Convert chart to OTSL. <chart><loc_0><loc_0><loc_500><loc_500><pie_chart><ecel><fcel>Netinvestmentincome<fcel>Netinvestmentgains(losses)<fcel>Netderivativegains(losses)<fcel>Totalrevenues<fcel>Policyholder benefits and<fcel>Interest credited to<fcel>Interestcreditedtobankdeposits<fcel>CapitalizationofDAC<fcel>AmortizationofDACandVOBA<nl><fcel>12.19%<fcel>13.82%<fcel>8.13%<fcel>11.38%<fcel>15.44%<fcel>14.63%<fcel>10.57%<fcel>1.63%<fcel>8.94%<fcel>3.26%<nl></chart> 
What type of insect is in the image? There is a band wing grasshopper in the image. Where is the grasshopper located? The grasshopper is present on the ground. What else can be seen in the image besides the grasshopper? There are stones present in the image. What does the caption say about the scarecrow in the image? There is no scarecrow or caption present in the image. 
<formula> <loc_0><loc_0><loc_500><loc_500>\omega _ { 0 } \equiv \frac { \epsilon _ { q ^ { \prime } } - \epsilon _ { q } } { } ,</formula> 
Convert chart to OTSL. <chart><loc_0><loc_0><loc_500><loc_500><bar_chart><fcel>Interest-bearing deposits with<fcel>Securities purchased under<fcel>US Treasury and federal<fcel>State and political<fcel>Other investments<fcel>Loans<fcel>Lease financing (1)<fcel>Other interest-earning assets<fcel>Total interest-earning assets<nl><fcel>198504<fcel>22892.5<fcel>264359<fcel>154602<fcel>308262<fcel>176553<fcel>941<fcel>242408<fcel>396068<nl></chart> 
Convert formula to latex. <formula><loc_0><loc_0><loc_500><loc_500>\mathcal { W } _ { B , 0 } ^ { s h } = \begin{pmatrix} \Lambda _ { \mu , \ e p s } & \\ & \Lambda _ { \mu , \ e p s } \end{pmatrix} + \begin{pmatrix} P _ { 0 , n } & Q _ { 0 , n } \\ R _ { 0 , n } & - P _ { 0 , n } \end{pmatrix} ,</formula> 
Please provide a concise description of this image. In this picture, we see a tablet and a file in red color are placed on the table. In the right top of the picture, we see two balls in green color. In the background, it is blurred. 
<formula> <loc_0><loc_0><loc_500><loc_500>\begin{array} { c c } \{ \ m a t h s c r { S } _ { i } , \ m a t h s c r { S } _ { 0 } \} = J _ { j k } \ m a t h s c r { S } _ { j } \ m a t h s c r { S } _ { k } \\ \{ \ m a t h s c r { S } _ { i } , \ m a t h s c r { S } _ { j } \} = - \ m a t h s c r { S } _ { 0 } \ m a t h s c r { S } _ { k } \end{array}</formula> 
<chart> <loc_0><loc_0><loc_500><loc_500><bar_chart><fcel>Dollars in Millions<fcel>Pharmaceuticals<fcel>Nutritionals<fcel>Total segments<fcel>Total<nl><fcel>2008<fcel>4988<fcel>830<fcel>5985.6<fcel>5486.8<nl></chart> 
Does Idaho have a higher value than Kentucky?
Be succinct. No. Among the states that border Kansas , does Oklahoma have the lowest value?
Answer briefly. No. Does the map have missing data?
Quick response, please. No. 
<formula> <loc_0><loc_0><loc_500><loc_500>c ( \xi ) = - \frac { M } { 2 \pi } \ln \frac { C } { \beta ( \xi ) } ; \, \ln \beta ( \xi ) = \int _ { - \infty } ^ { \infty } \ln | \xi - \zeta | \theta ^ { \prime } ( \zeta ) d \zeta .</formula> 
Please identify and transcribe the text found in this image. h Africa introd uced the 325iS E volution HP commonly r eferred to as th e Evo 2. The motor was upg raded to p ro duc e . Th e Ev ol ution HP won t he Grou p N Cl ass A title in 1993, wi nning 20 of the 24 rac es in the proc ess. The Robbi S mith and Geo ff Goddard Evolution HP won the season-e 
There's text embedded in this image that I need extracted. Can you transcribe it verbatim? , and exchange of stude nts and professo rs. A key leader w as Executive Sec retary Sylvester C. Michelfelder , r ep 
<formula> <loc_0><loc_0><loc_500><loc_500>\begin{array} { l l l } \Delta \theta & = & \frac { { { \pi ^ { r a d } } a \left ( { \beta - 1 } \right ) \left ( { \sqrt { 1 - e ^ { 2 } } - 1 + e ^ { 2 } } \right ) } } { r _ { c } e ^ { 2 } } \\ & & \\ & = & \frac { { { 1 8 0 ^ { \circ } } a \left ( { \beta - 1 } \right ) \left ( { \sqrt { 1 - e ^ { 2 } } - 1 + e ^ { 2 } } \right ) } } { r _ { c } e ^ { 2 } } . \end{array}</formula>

════════════════════

• Brief: Above are the records; report each line in them that includes the word "frac".

• Final answer:
<formula> <loc_0><loc_0><loc_500><loc_500>\omega _ { 0 } \equiv \frac { \epsilon _ { q ^ { \prime } } - \epsilon _ { q } } { } ,</formula> 
<formula> <loc_0><loc_0><loc_500><loc_500>c ( \xi ) = - \frac { M } { 2 \pi } \ln \frac { C } { \beta ( \xi ) } ; \, \ln \beta ( \xi ) = \int _ { - \infty } ^ { \infty } \ln | \xi - \zeta | \theta ^ { \prime } ( \zeta ) d \zeta .</formula> 
<formula> <loc_0><loc_0><loc_500><loc_500>\begin{array} { l l l } \Delta \theta & = & \frac { { { \pi ^ { r a d } } a \left ( { \beta - 1 } \right ) \left ( { \sqrt { 1 - e ^ { 2 } } - 1 + e ^ { 2 } } \right ) } } { r _ { c } e ^ { 2 } } \\ & & \\ & = & \frac { { { 1 8 0 ^ { \circ } } a \left ( { \beta - 1 } \right ) \left ( { \sqrt { 1 - e ^ { 2 } } - 1 + e ^ { 2 } } \right ) } } { r _ { c } e ^ { 2 } } . \end{array}</formula>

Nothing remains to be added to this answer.